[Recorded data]
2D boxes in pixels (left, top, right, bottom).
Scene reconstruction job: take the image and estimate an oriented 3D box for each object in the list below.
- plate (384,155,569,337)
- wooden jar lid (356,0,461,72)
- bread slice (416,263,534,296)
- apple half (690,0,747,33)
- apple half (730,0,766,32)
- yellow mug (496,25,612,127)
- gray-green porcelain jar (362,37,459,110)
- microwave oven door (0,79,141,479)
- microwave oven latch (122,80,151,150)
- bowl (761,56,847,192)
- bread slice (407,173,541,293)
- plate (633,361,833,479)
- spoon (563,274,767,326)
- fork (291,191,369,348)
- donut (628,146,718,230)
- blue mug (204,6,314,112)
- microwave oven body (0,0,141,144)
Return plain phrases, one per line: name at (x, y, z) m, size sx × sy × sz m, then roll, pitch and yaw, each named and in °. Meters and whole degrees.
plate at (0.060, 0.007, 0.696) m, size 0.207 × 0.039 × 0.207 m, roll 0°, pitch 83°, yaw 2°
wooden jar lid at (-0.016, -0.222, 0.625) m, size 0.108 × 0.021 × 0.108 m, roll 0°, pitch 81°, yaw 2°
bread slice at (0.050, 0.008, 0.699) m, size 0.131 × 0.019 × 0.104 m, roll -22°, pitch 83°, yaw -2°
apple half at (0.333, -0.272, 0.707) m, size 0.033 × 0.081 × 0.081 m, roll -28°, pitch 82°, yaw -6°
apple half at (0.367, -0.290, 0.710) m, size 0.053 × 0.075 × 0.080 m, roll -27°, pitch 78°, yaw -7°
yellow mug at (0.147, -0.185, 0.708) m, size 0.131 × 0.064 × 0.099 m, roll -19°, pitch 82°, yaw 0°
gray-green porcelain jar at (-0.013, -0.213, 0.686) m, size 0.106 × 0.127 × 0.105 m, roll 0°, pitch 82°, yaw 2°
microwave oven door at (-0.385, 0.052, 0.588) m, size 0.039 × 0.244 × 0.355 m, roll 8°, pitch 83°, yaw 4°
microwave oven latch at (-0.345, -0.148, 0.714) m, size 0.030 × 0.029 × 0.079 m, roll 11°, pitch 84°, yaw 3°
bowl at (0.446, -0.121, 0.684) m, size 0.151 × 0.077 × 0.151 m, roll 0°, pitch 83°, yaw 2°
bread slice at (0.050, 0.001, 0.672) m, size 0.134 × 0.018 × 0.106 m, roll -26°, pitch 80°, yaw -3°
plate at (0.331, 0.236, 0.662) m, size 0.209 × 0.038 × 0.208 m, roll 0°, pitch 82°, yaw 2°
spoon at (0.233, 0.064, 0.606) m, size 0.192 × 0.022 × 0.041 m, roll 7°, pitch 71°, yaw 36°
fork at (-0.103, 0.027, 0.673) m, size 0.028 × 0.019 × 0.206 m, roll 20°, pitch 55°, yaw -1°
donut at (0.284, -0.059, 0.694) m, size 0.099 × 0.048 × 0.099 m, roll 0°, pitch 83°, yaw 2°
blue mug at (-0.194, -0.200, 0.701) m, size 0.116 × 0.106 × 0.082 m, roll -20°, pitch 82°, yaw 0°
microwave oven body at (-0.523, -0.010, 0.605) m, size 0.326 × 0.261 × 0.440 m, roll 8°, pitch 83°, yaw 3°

> [Task to carry out]:
From the start of the data to the line that holds "- microwave oven door (0,79,141,479)", retype each line exactly, with both ends included.

> [Answer to this task]:
2D boxes in pixels (left, top, right, bottom).
Scene reconstruction job: take the image and estimate an oriented 3D box for each object in the list below.
- plate (384,155,569,337)
- wooden jar lid (356,0,461,72)
- bread slice (416,263,534,296)
- apple half (690,0,747,33)
- apple half (730,0,766,32)
- yellow mug (496,25,612,127)
- gray-green porcelain jar (362,37,459,110)
- microwave oven door (0,79,141,479)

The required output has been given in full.